Yesterday, a good friend of mine from college announced that she was taking an early retirement from a career that she has had since we graduated from college almost 30 years ago. I am so excited for her, and I am also extremely curious to see what she ends up doing next. I think that this new stage of life, this second half of adulting, sometimes feels a little rudderless. The options are starting to open up more and more, and that feels exciting, yet daunting, and sometimes overwhelming, all at the same time. For a long time, I was sailing along in the narrow channel of raising a family, while my husband built his career and supported our family, and now, I am seeing this wide open seascape at the end of the channel. It’s thrilling, but my compass is doing that wild shaking and moving that happens sometimes with compasses. It hasn’t quite settled down yet. I am eager to watch the other ships who have travelled the narrow channel with me, enter into the big, blue sea. I am curious as to where their new travels will take them, as the confines of the structural shores, slowly fade away. I want to be inspired by the other captains’ ideas and visions. I want a new destination point. I don’t like feeling rudderless.

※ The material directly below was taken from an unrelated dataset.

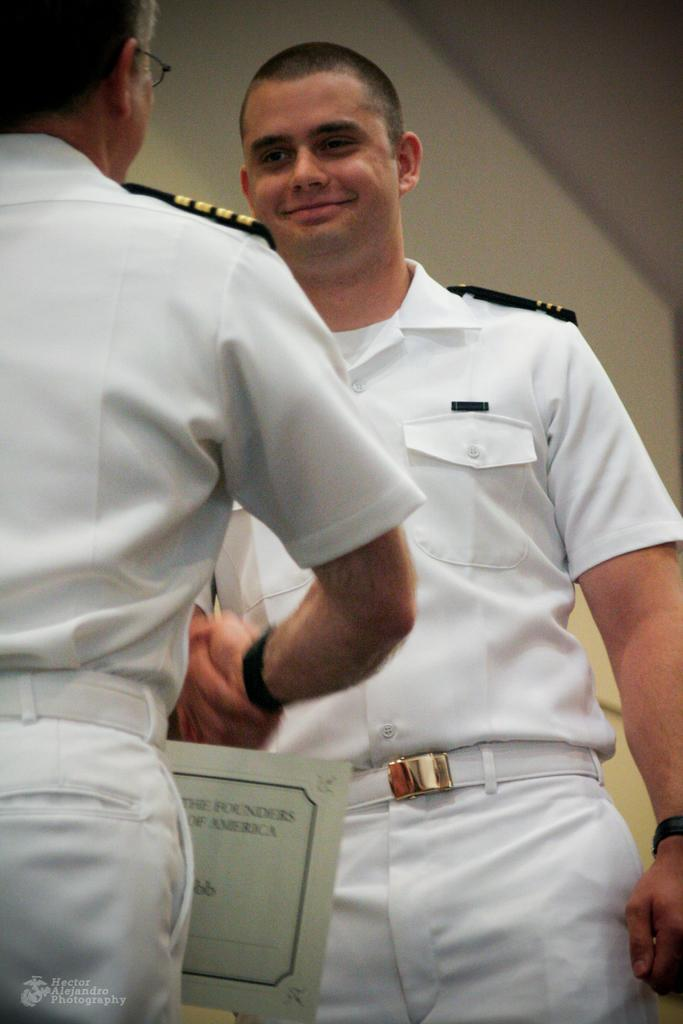How many people are in the image? There are two people in the image. What are the two people doing? The two people are standing and shaking hands. What are the people wearing? The people are wearing uniforms. What can be seen in the image besides the people? There is a board and a wall in the background of the image. What advice is the vase giving to the people in the image? There is no vase present in the image, so it cannot provide any advice.

This is a time period in our lives where “the lulls” are starting to be broken. Our kids are growing up and moving out. Our priorities are starting to shift, sometimes rapidly. We’re getting signals by watching the changes in other people’s lives that remind us that we don’t have to keep doing things the way which we have been doing them. There is no “one size fits all” formula to live life, and that seems more acutely evident now, than it ever has before. Two others of my closest friends from college become official empty nesters this year. By summer, all of their children will have graduated from high school and moved on towards their own adult lives. I am only one year away from this phenomenon myself. Wow.

I am guessing that in this next stage of my life, I will be doing a lot of loop de loops. There is a great deal more space in wide open sea, to change directions, and to stop and to explore small islands of curiosity. There is more space for error in wide open territory. Of course, the weather can get turbulent. There may be less “protection” from the winds of change, that my narrow channel afforded. Still, I am ready for the adventure. Anticipation is a delicious part of life. Anticipation of the unknown is one of the biggest thrills in life, if you can get past the fear.

We are not retreating - we are advancing in another direction. - Douglas MacArthur

Are you passing on love, or are you passing on pain? Heal your pain and pass on love.